Нахимов получил наконец подмогу, и 17 (29) ноября у него было шесть больших кораблей («Мария», «Париж», «Три святителя», «Константин», «Ростислав» и «Чесма») и два фрегата («Кагул» и «Кулевчи»). Эскадра Нахимова в этот момент могла дать с одного борта залп весом в 378 пудов 13 фунтов. Орудий у Нахимова было 716; значит, при стрельбе с одного борта — 358. У турок было семь фрегатов, три корвета, два парохода, два транспорта и один шлюп — в общем, 472 орудия, то есть с одного борта 236 орудий.
Нахимов, как только подошли подкрепления, решил немедленно войти в Синопскую гавань и напасть на турецкий флот.

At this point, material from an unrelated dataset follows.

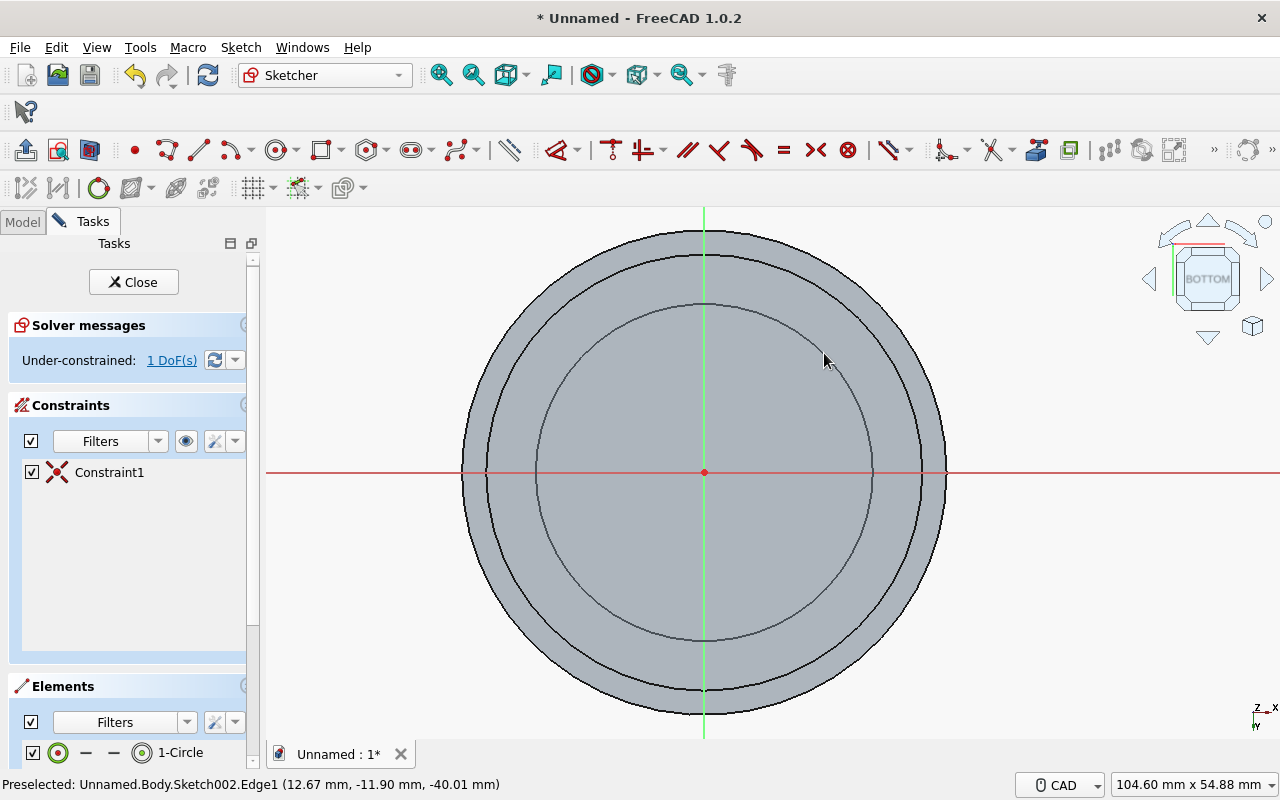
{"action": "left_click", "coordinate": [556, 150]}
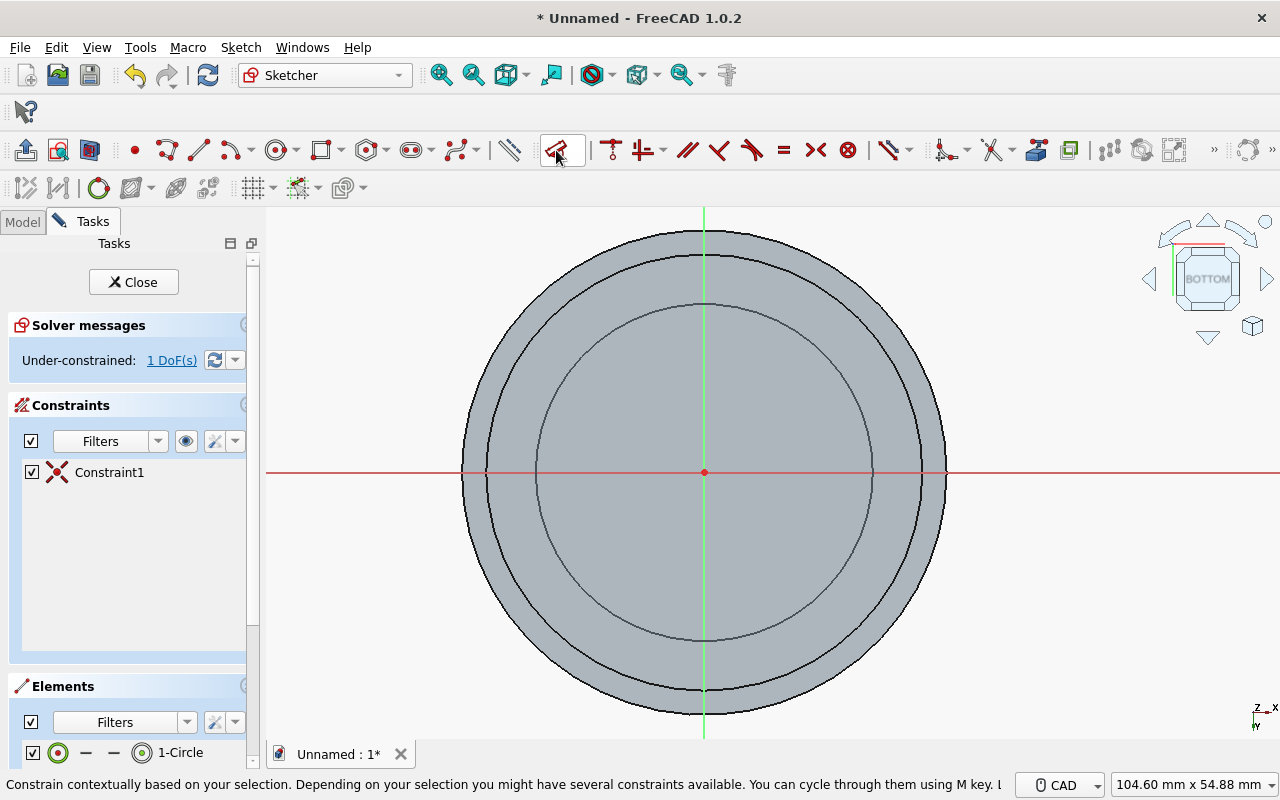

Генерал Зайончковский в полном согласии с морскими специалистами так оценивает распоряжения адмирала перед Синопом: «В действиях Нахимова обнаружилось то редкое соединение твердой решимости с благоразумной осторожностью, то равновесие ума и характера, которое составляет исключительную принадлежность великих военачальников». Нахимов, долго крейсируя перед Синопом, каждый день мог погибнуть, потому что неоднократно оказывалось так, что у него судов было гораздо меньше, чем у турок. И тут больше всего сказались его железная выдержка и уверенность в себе и в команде.